A escassez de combustíveis em bombas de gasolina no Reino Unido registada nos últimos dias é uma consequência da falta de camionistas, uma situação crónica que resulta de uma combinação de fatores e não apenas do 'Brexit’.
O alarme foi dado ainda no início de junho pela Associação de Transporte Rodoviário britânica [Road Haulage Association, RHA], quando urgiu o Governo a atuar perante o “nível de crise” que começava a observar-se.
"A recuperação da covid-19 está a aumentar a procura nas cadeias de abastecimento, o impacto já está a ser sentido (…). A recuperação está a agravar a escassez já existente”, alertava.
Em agosto, começou a ser noticiada a falta de produtos, como batidos de leite na cadeia de ‘fast food' McDonald’s, enquanto a Nando’s fechou alguns dos seus restaurantes por falta da principal matéria prima da rede de restaurantes especializada em frango.
Nos supermercados britânicos, há várias semanas que é comum encontrar prateleiras vazias devido aos problemas de logística de transportes.
Antes da pandemia, a RHA estimava faltarem cerca de 60.000 condutores de pesados no Reino Unido, mas atualmente calcula que o número se aproxime dos 100.000.
O Reino Unido não é um caso único, e a preocupação é partilhada por outras organizações internacionais, como a International Road Transport Union (IRU), associação mundial do setor.
A Transport Intelligence publicou recentemente um estudo que identifica a Polónia como o país com mais vagas por preencher neste setor, quase 124.000, enquanto na Alemanha se aproximam de 50.000 e em França de 43.000.
"O Reino Unido está numa posição particularmente difícil, pois não está apenas a sofrer com o ‘Brexit’, mas também viu muitos trabalhadores europeus deixarem o país durante a pandemia, à medida que aumentavam os receios com os confinamentos”, refere o estudo.

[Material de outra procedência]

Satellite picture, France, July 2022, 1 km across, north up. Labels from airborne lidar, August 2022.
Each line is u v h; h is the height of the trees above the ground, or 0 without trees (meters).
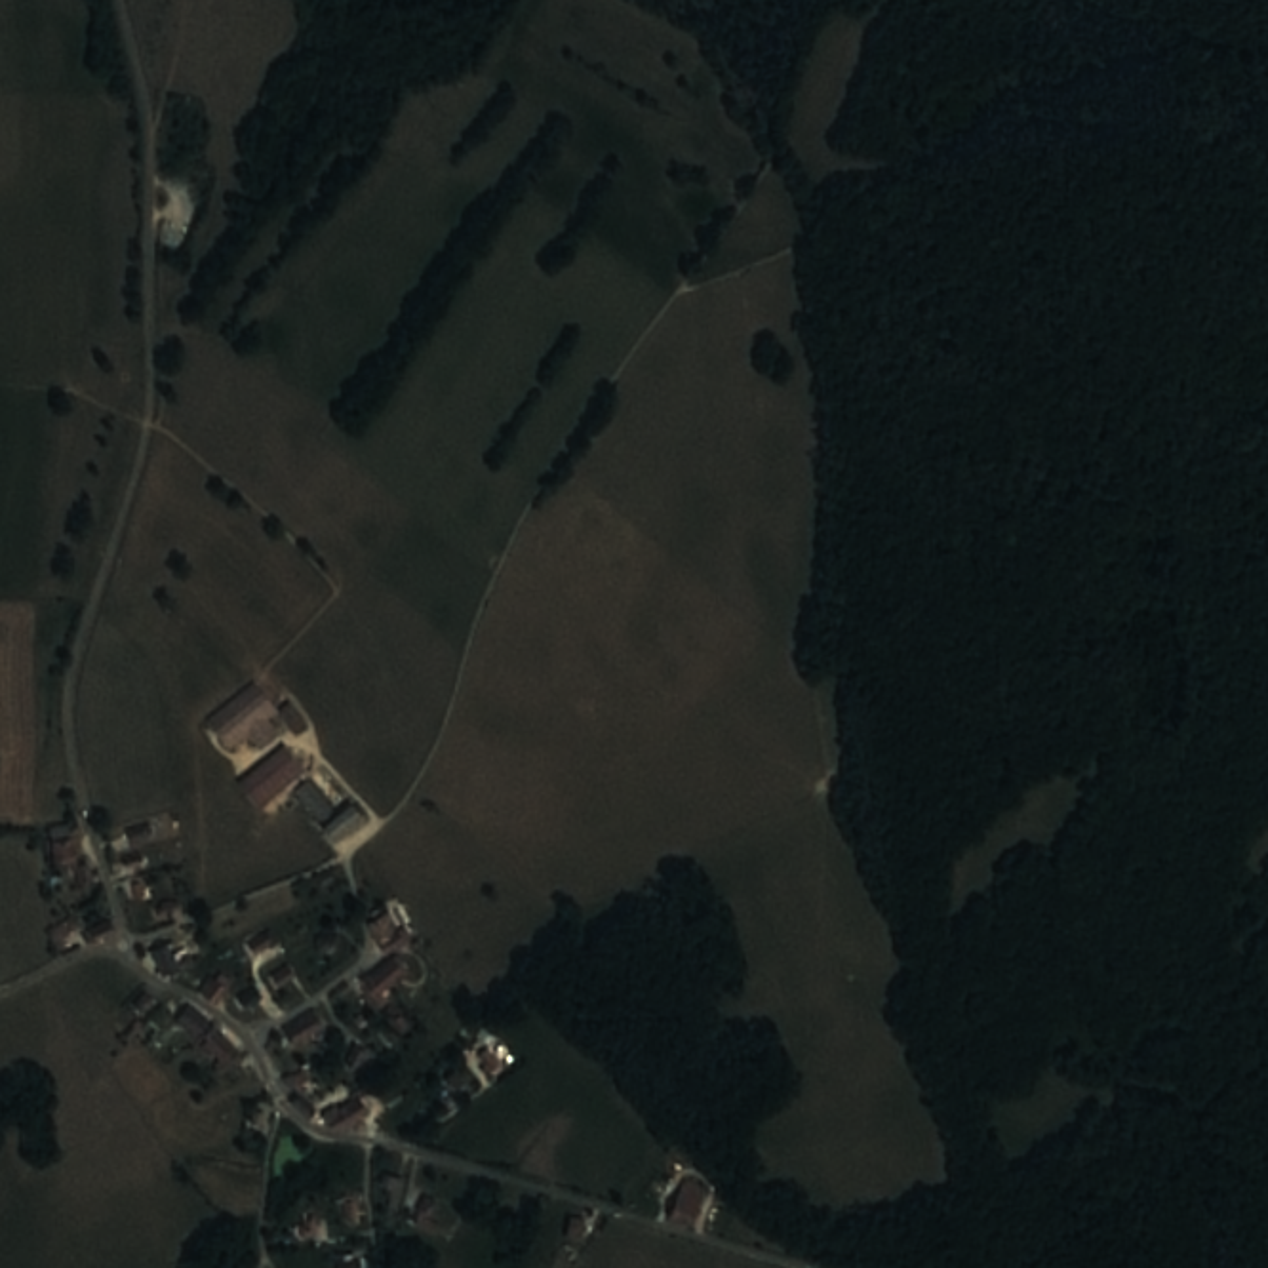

Muitos poderão não regressar ao Reino Unido, e aqueles que não têm estatuto de residente precisam de um visto de trabalho porque o ‘Brexit' tornou o recrutamento na União Europeia mais difícil.
A escassez de camionistas no país também é um resultado da interrupção de dezenas de milhares de exames de condução durante a pandemia, da aposentação de muitos profissionais, cuja idade média é 55 anos, ou da mudança de regras nos contratos dos motoristas para evitar a evasão fiscal.
Há ainda as condições de trabalho, como turnos longos e noturnos que afetam a vida social e familiar, o que fez alguns condutores profissionais mudarem de carreira ou para as entregas ao domicílio.
“A covid pôs muitos motoristas a pensarem sobre a sua qualidade de vida”, disse Richard Burnett, presidente da RHA, ao jornal The Guardian.
Nos últimos dias, o Governo britânico anunciou uma série de medidas, incluindo a mobilização de 150 condutores militares para ajudarem no transporte de combustíveis e o prolongamento da validade de licenças para conduzir camiões-tanques.
Outras decisões incluem o aumento da capacidade para realizar testes, a simplificação dos exames, a criação de “campos de treinos” para novos camionistas e o envio de um milhão de cartas para encorajar antigos condutores de pesados a voltarem à profissão.
A mais destacada foi a emissão de 5.000 vistos temporários para estrangeiros, uma inversão de marcha na posição do Governo, que argumenta que mão-de-obra barata rebaixa o mercado de trabalho britânico.
Mas organizações consideram que a medida “é demasiado insuficiente e demasiado tardia”, e a Câmara de Comércio Britânica comparou-a a “mandar um dedal de água para [tentar apagar uma] fogueira".
A Associação do Transporte Rodoviário concordou que "mal arranha a superfície", e que oferecer vistos apenas até a véspera de Natal "não será suficiente para ser atrativo para empresas ou para os próprios motoristas".